The NIH Roadmap Epigenomics Program has produced reference epigenomic maps derived from a variety of human primary cells and tissues, including pluripotent cell types and in vitro differentiated forms, highly purified primar cells, and a range of fetal and adult tissues. The goal of the proposed project is to develop, validate and apply unsupervised machine learning methods to the joint analysis of these epigenomic maps along with (1) data generated by the NIH ENCODE Consortium, (2) a variety of publicly available data sets that characterize the three-dimensional structure of DNA in the nucleus, and (3) information about evolutionary conservation, represented by cross-species DNA alignments.
The first aim of the project will use data imputation methods to carry out virtual functional genomics experiments. The proposed method is based on techniques developed in the context of recommender systems, but is extended to model dependencies along the genomic axis. By simultaneously analyzing the pattern of biochemical activity across a range of cell types and assay types, the proposed imputation method will accurately predict the results of an assay, such as ChIP-seq for a particular histone modification in a particular cell type, that has not yet been carried out. We will systematically apply this method to Roadmap Epigenomics and ENCODE data, filling in missing experiments in the matrix of cell types and assay types. The remaining three specific aims extend and apply our existing system for semi-automated genome annotation, Segway, which integrates a wide variety of functional genomics data into a human interpretable labeling of genomic elements. These analyses will be performed on real data as well as the virtual experiments from Aim 1. We propose a novel, graph-based regularization scheme and show how, using this approach, we can use Segway to perform integrated analysis of data across cell types and integrate 3D genome architecture information from assays such as Hi-C. We also propose a post-processing method to exploit patterns of evolutionary conservation to identify functionally important labels in the resulting annotations. The primary deliverables will include novel software for imputation and annotation, as well as publicly available sets of virtual experiments and genome annotations.

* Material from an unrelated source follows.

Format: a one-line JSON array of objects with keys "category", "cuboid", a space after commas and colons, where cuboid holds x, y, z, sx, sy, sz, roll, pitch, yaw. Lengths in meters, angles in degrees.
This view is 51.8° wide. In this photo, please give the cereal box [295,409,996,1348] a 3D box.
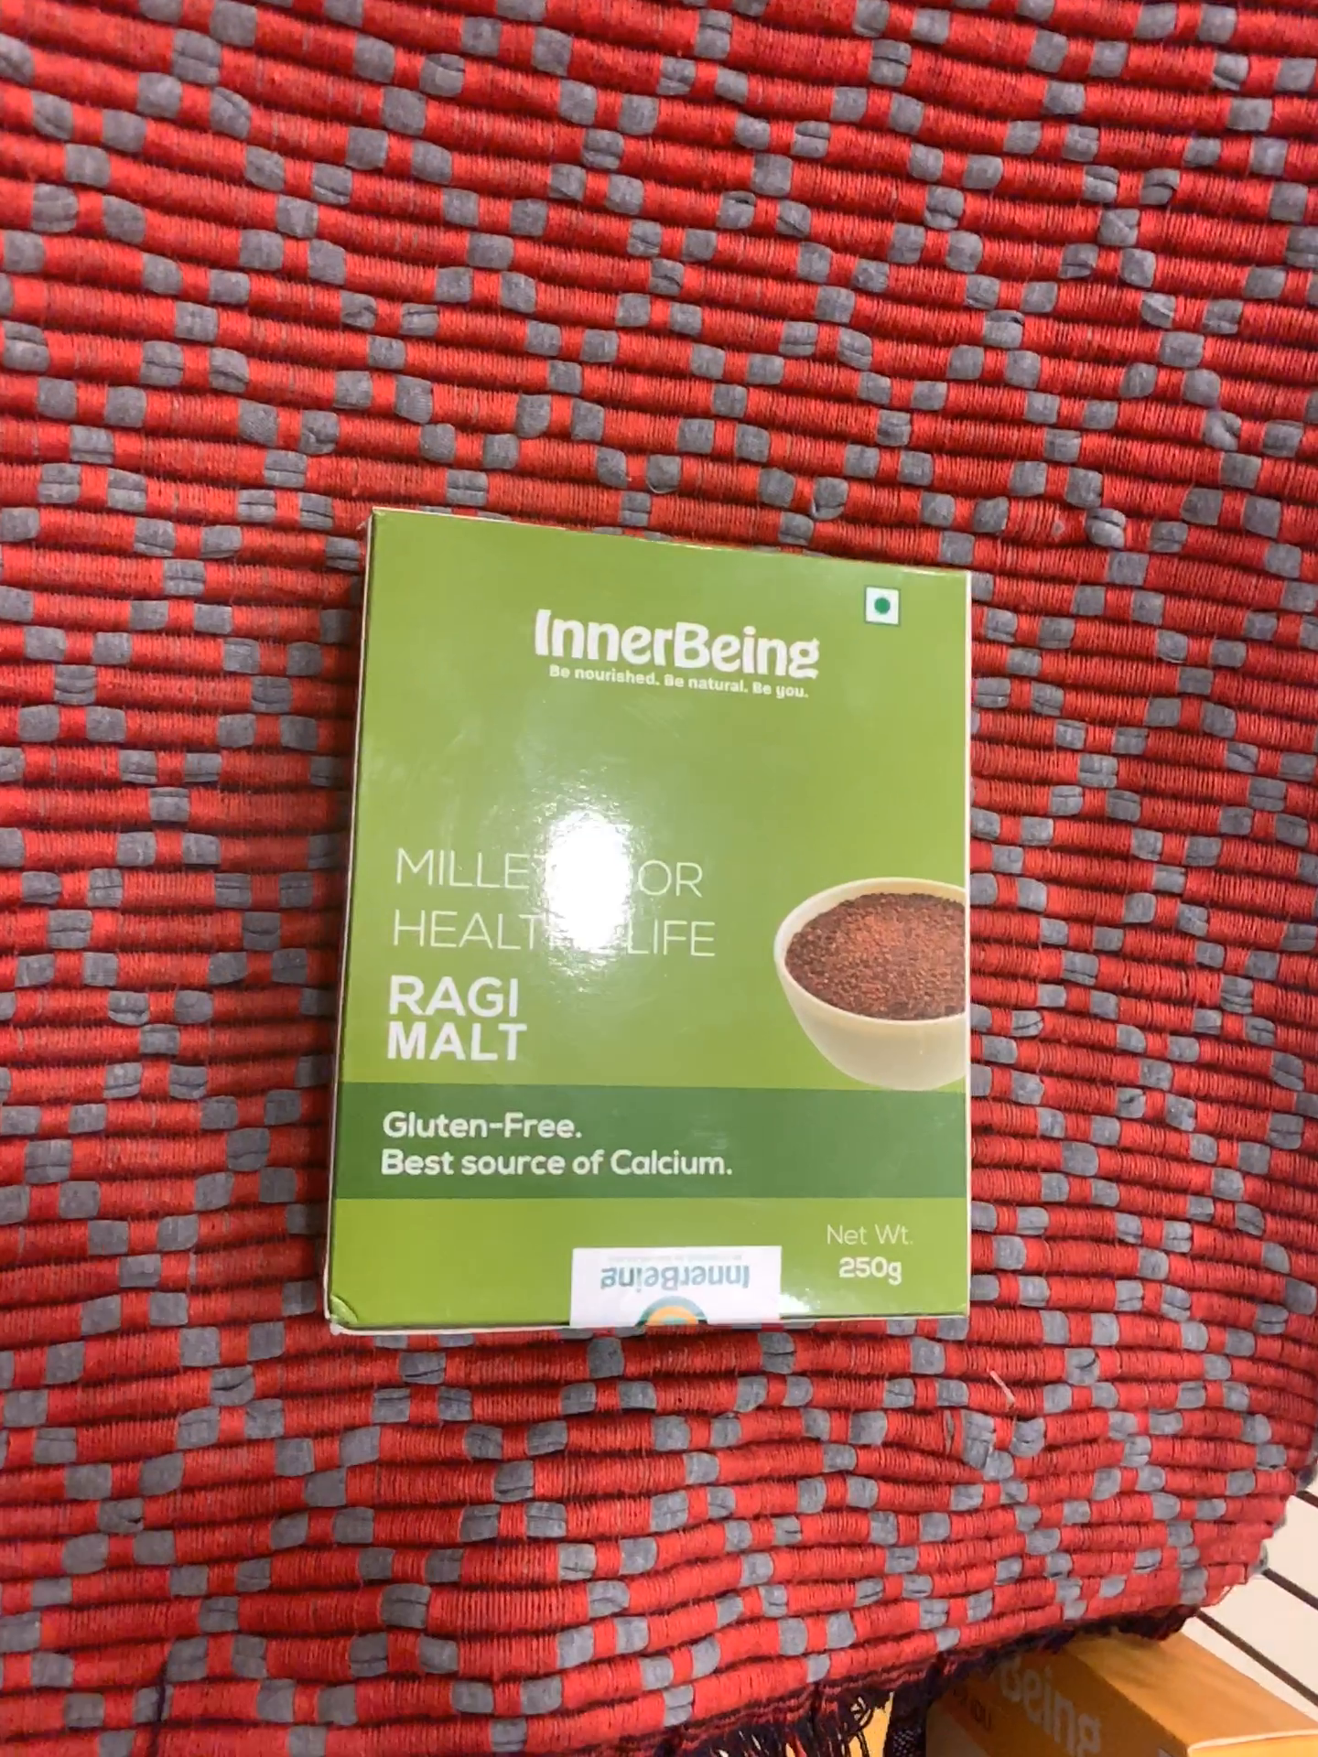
[{"category": "cereal box", "cuboid": [-0.002, 0.003, 0.282, 0.130, 0.050, 0.170, 3, 82, -12]}]

The NIH has recently expended substantial effort to generate raw data that characterizes the human epigenome across a variety of cell types. This proposal uses machine learning methods to help make sense of this large collection of epigenomic maps, combining the maps with data generated by the NIH ENCODE Consortium, information about the 3D structure of DNA, and information about evolutionary conservation. The project will produce novel computational methods as well as two primary analysis products: virtual experiments for combinations of assays and cell types that have not yet been carried out and annotations that identify various types of biochemical and functional activity along the human genome.